[Dataset entries]
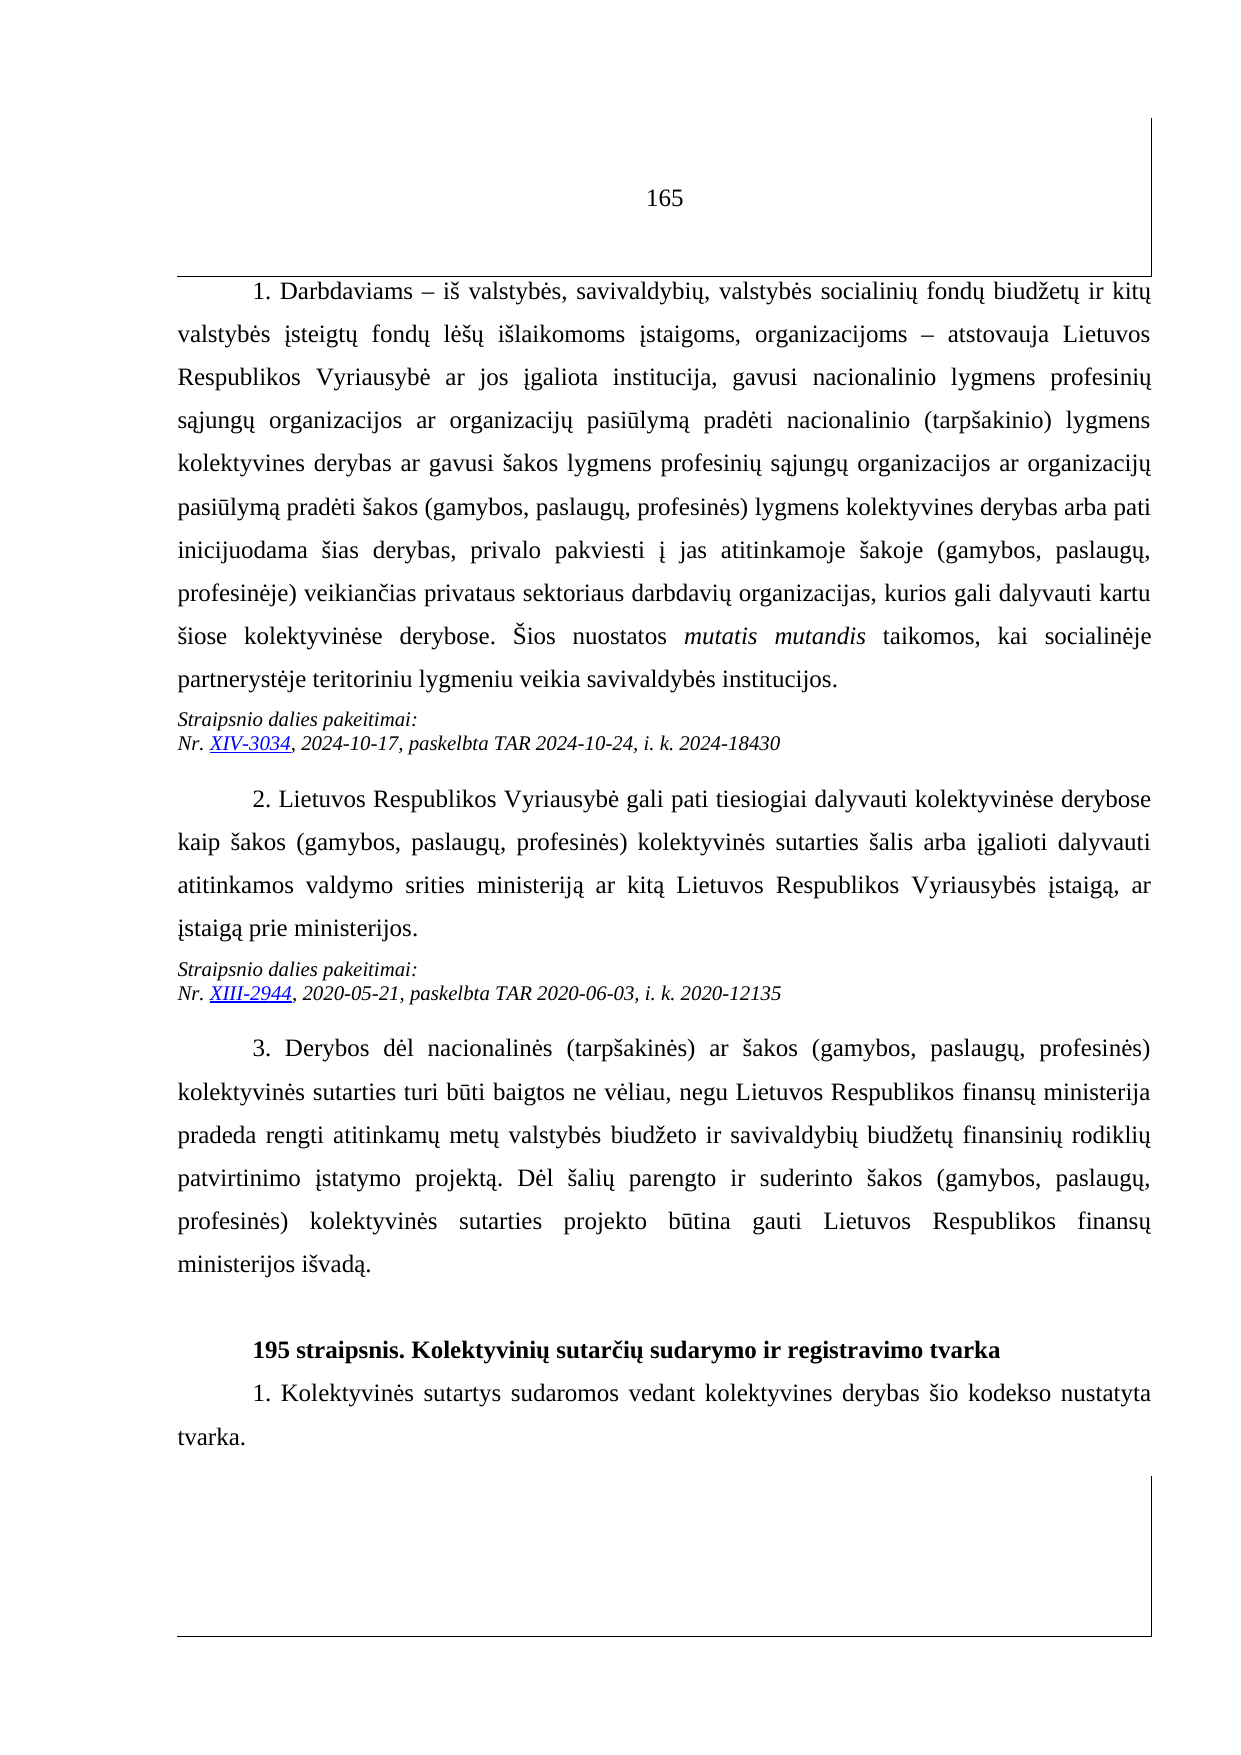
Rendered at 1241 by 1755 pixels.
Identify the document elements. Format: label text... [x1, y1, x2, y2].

text Straipsnio dalies pakeitimai: [177, 957, 1152, 981]
text Nr. XIV-3034, 2024-10-17, paskelbta TAR 2024-10-24, i. k. 2024-18430 [177, 731, 1152, 755]
text 1. Kolektyvinės sutartys sudaromos vedant kolektyvines derybas šio kodekso nustatyta tvarka. [177, 1378, 1152, 1450]
subtitle 195 straipsnis. Kolektyvinių sutarčių sudarymo ir registravimo tvarka [177, 1335, 1152, 1364]
text 1. Darbdaviams ‒ iš valstybės, savivaldybių, valstybės socialinių fondų biudžetų ir kitų valstybės įsteigtų fondų lėšų išlaikomoms įstaigoms, organizacijoms ‒ atstovauja Lietuvos Respublikos Vyriausybė ar jos įgaliota institucija, gavusi nacionalinio lygmens profesinių sąjungų organizacijos ar organizacijų pasiūlymą pradėti nacionalinio (tarpšakinio) lygmens kolektyvines derybas ar gavusi šakos lygmens profesinių sąjungų organizacijos ar organizacijų pasiūlymą pradėti šakos (gamybos, paslaugų, profesinės) lygmens kolektyvines derybas arba pati inicijuodama šias derybas, privalo pakviesti į jas atitinkamoje šakoje (gamybos, paslaugų, profesinėje) veikiančias privataus sektoriaus darbdavių organizacijas, kurios gali dalyvauti kartu šiose kolektyvinėse derybose. Šios nuostatos mutatis mutandis taikomos, kai socialinėje partnerystėje teritoriniu lygmeniu veikia savivaldybės institucijos. [177, 276, 1152, 693]
text 2. Lietuvos Respublikos Vyriausybė gali pati tiesiogiai dalyvauti kolektyvinėse derybose kaip šakos (gamybos, paslaugų, profesinės) kolektyvinės sutarties šalis arba įgalioti dalyvauti atitinkamos valdymo srities ministeriją ar kitą Lietuvos Respublikos Vyriausybės įstaigą, ar įstaigą prie ministerijos. [177, 784, 1152, 942]
text Nr. XIII-2944, 2020-05-21, paskelbta TAR 2020-06-03, i. k. 2020-12135 [177, 981, 1152, 1005]
text 3. Derybos dėl nacionalinės (tarpšakinės) ar šakos (gamybos, paslaugų, profesinės) kolektyvinės sutarties turi būti baigtos ne vėliau, negu Lietuvos Respublikos finansų ministerija pradeda rengti atitinkamų metų valstybės biudžeto ir savivaldybių biudžetų finansinių rodiklių patvirtinimo įstatymo projektą. Dėl šalių parengto ir suderinto šakos (gamybos, paslaugų, profesinės) kolektyvinės sutarties projekto būtina gauti Lietuvos Respublikos finansų ministerijos išvadą. [177, 1033, 1152, 1278]
text Straipsnio dalies pakeitimai: [177, 707, 1152, 731]
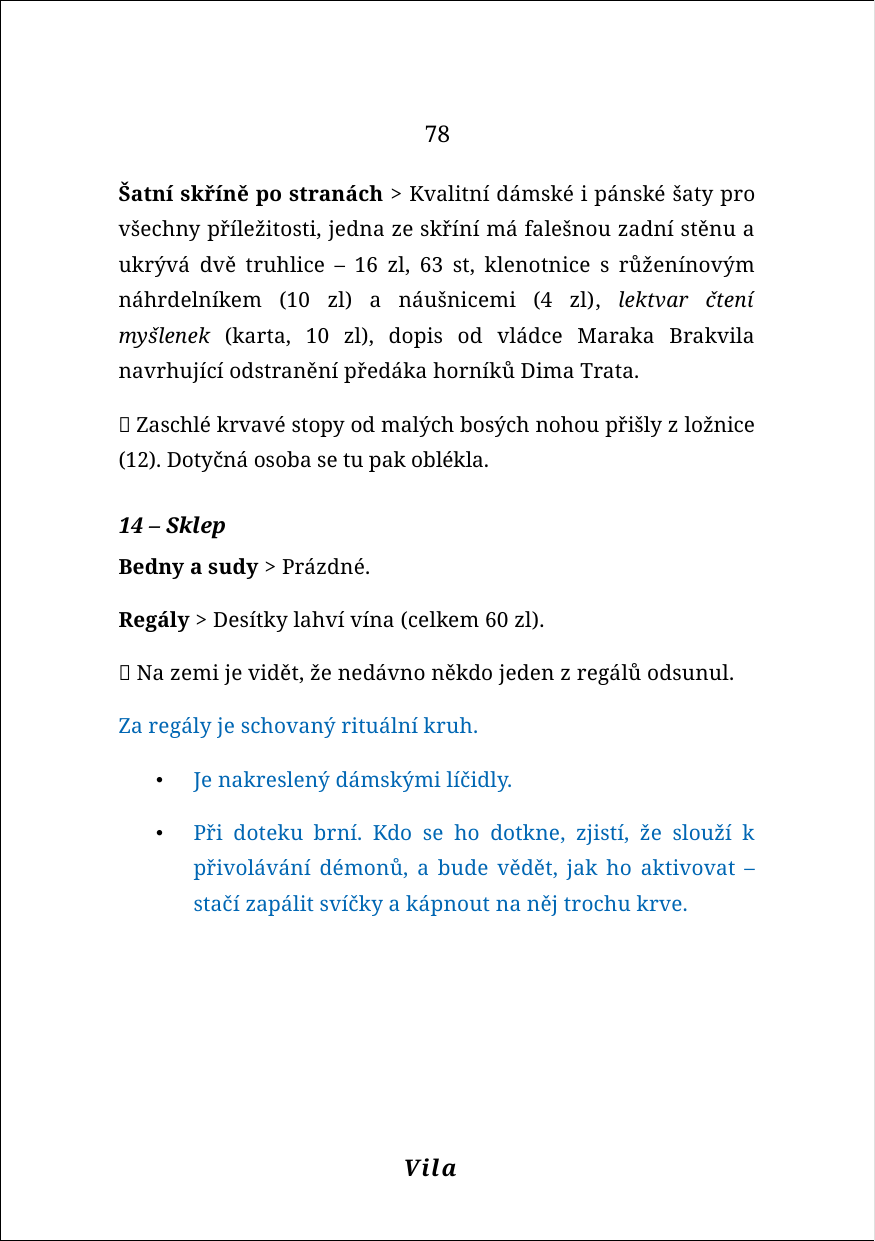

### ASSIGNED TASK
Pictures stay out. Transcribe the lines from the start of the entries above through the line with "text Nr. XIII-2944, 2020-05-21, paskelbta", exactly.

### YOUR SOLUTION
Rendered at 1241 by 1755 pixels.
Identify the document elements. Format: label text... [x1, y1, x2, y2].

text Straipsnio dalies pakeitimai: [177, 957, 1152, 981]
text Nr. XIV-3034, 2024-10-17, paskelbta TAR 2024-10-24, i. k. 2024-18430 [177, 731, 1152, 755]
text 1. Kolektyvinės sutartys sudaromos vedant kolektyvines derybas šio kodekso nustatyta tvarka. [177, 1378, 1152, 1450]
subtitle 195 straipsnis. Kolektyvinių sutarčių sudarymo ir registravimo tvarka [177, 1335, 1152, 1364]
text 1. Darbdaviams ‒ iš valstybės, savivaldybių, valstybės socialinių fondų biudžetų ir kitų valstybės įsteigtų fondų lėšų išlaikomoms įstaigoms, organizacijoms ‒ atstovauja Lietuvos Respublikos Vyriausybė ar jos įgaliota institucija, gavusi nacionalinio lygmens profesinių sąjungų organizacijos ar organizacijų pasiūlymą pradėti nacionalinio (tarpšakinio) lygmens kolektyvines derybas ar gavusi šakos lygmens profesinių sąjungų organizacijos ar organizacijų pasiūlymą pradėti šakos (gamybos, paslaugų, profesinės) lygmens kolektyvines derybas arba pati inicijuodama šias derybas, privalo pakviesti į jas atitinkamoje šakoje (gamybos, paslaugų, profesinėje) veikiančias privataus sektoriaus darbdavių organizacijas, kurios gali dalyvauti kartu šiose kolektyvinėse derybose. Šios nuostatos mutatis mutandis taikomos, kai socialinėje partnerystėje teritoriniu lygmeniu veikia savivaldybės institucijos. [177, 276, 1152, 693]
text 2. Lietuvos Respublikos Vyriausybė gali pati tiesiogiai dalyvauti kolektyvinėse derybose kaip šakos (gamybos, paslaugų, profesinės) kolektyvinės sutarties šalis arba įgalioti dalyvauti atitinkamos valdymo srities ministeriją ar kitą Lietuvos Respublikos Vyriausybės įstaigą, ar įstaigą prie ministerijos. [177, 784, 1152, 942]
text Nr. XIII-2944, 2020-05-21, paskelbta TAR 2020-06-03, i. k. 2020-12135 [177, 981, 1152, 1005]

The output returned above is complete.